TL;DR
- 01A Context Capsule keeps nine named graphs in one portable object: evidence, claims, situation, temporal, ontology, reasoning, memory, governance, runtime.
- 02The layering is epistemic, not organizational. What a source said, what an analyst concluded, when each became known, and which method produced the judgment are different kinds of statement — collapsing them is how confident nonsense gets made.
- 03Each layer has its own mutability contract: evidence is append-only, claims promote through review, runtime is a contract on consumers.
- 04The payoff is symmetric precision: agents cite at the right level; humans contest at the right level.
What a source said, what an analyst concluded, when each became known, and which method produced the judgment are different kinds of statement. Why capsules keep nine named graphs with distinct mutability contracts instead of one big graph.
Why one graph is not enough
Put everything in one undifferentiated graph and the first complex query destroys you: an edge asserted by a hostile source, an edge inferred by a model, and an edge confirmed by your own reviewer all look identical to traversal. Weighting helps until it doesn’t — a confidence score cannot express “true as testimony, disputed as fact, superseded as of Thursday.”
The fix is old and good: separate the epistemics. Database people learned it as bi-temporality; intelligence analysts as source-versus-assessment discipline; philosophers as the difference between what is said and what is warranted. Capsules encode it as nine named graphs in one JSON-LD document, each with a declared role and mutability contract.
The layers, briefly
- ▸Evidence — sources, spans, hashes, rights. Append-only bedrock; everything above must point into it.
- ▸Claims — atomic typed assertions with confidence, corroboration, trust tier, disputed flag.
- ▸Situation — entities and relations; edges carry temporal scope and review state, because relations are claims too.
- ▸Temporal — episodes, two clocks, Allen-13 interval relations, causal links, supersession chains.
- ▸Ontology — the kernel grammar plus capsule-specific extensions, proposed by models, promoted by humans.

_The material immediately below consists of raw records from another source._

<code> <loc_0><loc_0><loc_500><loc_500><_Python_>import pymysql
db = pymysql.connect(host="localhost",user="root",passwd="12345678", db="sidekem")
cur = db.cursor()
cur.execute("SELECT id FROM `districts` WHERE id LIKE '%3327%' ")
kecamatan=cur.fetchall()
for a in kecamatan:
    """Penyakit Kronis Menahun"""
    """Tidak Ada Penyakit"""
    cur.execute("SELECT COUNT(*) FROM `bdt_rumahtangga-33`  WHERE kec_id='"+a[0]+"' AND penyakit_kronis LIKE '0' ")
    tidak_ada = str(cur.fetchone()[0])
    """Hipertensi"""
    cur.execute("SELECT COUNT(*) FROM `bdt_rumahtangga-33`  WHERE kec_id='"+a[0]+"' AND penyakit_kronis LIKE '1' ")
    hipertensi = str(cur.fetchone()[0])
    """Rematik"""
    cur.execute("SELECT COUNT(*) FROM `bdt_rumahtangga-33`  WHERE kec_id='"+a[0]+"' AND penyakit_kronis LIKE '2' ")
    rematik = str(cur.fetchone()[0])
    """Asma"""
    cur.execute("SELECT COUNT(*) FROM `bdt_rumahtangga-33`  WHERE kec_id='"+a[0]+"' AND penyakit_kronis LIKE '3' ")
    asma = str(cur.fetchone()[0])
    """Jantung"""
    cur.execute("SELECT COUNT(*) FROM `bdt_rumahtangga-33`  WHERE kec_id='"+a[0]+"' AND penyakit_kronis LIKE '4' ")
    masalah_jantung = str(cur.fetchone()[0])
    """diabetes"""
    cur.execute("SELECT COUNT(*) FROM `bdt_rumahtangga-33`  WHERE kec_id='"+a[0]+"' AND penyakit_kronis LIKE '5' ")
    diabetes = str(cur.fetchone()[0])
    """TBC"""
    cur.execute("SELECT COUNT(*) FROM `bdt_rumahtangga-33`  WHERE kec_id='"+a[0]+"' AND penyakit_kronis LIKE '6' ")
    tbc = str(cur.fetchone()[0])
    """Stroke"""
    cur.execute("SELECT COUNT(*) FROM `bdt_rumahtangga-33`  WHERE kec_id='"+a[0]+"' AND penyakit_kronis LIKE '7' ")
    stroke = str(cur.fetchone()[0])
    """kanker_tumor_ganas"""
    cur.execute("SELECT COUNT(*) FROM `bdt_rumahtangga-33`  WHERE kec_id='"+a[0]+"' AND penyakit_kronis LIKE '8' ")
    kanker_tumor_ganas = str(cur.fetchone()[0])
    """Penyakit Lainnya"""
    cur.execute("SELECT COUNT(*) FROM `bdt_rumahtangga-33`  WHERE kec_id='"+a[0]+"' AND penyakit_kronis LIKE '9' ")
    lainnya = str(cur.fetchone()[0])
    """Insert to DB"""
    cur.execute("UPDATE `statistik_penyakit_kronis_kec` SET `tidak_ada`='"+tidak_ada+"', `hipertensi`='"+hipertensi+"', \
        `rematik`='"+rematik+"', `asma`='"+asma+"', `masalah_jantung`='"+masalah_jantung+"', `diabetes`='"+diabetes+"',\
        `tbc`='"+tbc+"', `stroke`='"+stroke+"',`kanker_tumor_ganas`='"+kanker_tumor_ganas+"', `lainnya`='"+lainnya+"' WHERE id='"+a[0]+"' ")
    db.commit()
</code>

- ▸Reasoning — devices, heuristics, traps, critique prompts: how the expert thinks, typed and attributable.
- ▸Memory — the build history: what was proposed, asked, decided. The capsule remembers its own making.
- ▸Governance — trust tiers, review ledger, sign-off, recorded dissent.
- ▸Runtime — the contract for any consumer: citation rules per tier, must-surface-disputed, composition policy.
Layers × primitives, not layers vs primitives
The nine layers are orthogonal to the eight kernel primitives (actor, claim, interest, constraint, leverage, commitment, event, narrative). Primitives are the vocabulary; layers are the epistemics. A Commitment is a primitive — whether a given statement about it lives in claims (asserted), temporal (scheduled), or governance (reviewed) depends on what kind of statement is being made. This is also why every capsule ships an embedded, read-only graph projection: traversal questions (“what connects the army command to the certification body?”) are answered locally, with Cypher, against structure whose epistemics are intact.